Connecting our gutters up to the existing irrigation system.


After the deck itself was built, the inspector came back and inspected it.

Side Note #1 … The crew always seemed just as excited about their work as we did, which was SO extremely refreshing.  We’ve found that it is SO hard to find contractors that take pride in the work they actually do anymore.  And, most of the time, they are just subbing out the work, so who knows when and where the general will be and how often he’ll be on-site.  Dan was on-site at least every-other day, checking in and putting in actual full days of work, cutting boards, building stairs, installing the electric.  So nice.
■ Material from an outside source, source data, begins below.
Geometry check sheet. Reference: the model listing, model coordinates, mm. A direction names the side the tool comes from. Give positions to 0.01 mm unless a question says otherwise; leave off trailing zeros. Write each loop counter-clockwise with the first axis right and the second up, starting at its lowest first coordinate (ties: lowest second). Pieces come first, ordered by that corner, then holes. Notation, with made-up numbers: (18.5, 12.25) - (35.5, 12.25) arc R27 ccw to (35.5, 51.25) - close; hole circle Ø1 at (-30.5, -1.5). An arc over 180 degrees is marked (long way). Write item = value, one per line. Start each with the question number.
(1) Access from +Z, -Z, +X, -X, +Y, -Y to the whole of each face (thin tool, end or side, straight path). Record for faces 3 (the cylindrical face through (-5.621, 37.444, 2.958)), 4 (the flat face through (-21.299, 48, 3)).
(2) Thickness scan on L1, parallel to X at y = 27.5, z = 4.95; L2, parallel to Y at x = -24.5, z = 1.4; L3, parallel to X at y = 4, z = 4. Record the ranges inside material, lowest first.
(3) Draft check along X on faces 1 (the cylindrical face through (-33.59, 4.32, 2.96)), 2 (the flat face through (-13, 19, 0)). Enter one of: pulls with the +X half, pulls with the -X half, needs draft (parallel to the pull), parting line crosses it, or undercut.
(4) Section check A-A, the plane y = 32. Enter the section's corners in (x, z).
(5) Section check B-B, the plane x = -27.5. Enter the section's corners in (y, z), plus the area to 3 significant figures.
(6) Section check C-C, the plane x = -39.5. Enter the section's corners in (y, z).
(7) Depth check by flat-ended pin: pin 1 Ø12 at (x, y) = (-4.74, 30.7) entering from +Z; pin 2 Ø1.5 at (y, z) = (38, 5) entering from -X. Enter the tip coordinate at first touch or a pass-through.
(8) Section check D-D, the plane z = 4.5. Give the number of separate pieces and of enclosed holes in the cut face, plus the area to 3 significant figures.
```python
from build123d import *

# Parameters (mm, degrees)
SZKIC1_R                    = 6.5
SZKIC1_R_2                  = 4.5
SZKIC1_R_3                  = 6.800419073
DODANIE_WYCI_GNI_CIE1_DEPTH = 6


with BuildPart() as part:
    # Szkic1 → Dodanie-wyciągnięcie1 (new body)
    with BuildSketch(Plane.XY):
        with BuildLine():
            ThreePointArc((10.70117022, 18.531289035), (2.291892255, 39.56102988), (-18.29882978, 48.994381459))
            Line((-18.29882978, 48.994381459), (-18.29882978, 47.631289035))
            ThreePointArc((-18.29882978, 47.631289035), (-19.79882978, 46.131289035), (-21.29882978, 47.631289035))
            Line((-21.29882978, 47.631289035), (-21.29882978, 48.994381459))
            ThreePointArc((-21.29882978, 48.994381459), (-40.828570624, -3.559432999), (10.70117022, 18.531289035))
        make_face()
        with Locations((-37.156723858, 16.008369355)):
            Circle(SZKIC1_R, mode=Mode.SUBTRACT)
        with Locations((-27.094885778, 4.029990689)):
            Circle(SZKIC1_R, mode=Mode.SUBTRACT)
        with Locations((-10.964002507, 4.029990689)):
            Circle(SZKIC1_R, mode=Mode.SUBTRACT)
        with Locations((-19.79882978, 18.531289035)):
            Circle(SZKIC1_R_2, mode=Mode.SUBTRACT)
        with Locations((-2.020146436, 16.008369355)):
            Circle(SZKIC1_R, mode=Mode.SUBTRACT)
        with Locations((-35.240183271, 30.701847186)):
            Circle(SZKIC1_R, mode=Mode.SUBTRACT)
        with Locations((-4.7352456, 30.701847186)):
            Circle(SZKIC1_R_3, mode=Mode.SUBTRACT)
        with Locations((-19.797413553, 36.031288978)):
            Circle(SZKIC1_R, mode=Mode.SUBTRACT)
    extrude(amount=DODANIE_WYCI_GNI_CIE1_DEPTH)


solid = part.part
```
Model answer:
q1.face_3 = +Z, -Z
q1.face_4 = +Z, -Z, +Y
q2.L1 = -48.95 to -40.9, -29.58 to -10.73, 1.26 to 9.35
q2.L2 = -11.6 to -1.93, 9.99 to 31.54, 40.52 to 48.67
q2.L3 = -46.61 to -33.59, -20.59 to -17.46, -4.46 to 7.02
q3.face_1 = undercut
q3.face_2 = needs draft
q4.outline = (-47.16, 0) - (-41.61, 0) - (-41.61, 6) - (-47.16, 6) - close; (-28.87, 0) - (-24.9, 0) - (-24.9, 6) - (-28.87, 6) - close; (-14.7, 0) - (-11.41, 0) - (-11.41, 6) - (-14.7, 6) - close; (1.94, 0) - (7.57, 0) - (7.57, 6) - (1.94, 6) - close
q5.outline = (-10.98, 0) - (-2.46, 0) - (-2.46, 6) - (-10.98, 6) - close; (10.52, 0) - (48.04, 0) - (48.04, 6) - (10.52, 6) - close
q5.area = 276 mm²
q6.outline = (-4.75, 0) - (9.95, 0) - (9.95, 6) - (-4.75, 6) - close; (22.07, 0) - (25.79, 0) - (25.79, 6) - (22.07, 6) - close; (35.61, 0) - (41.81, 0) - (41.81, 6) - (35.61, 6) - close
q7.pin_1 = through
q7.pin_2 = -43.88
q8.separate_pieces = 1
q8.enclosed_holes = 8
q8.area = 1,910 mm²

We really only ran into 1 glitch while building this deck.  What?!?!?  Only one??  Yes, and it was so easily fixable.  So, originally, the plans called for a single step wrapping around the edge of the deck all along the east side and about 12’ along the south side.  Once they ripped all of the bush out and started building the deck, well, they had to keep it level and, that meant it was about 32” high by the time you walked out to the south end of the deck.  We really still wanted the wrap-around steps and open feeling.  So, we decided to have them build a cascading stair steps.  So, on the south side, we continued the railing on all but the final 4’ of deck.  In the southeast corner, there are a series of 4 stair treads that wrap-around the corner of the deck and continue on for about 6’ on the east side of the deck.  Then, they drop to 3 stair treads, and down from there to 1 stair tread by the time you get up near the house.  We also added a railing to the northeast corner, where the grill will sit.  The inspector had to come back again to inspect the steps.  (Turns out you aren’t required to have a railing or steps for any drop-off point less than 30”.  Crazy, right?  Yeah, we thought so too.  But, since we were just over that at 32” in that back corner, the inspector made Dan build the stairs and then he came back out to sign off on them.)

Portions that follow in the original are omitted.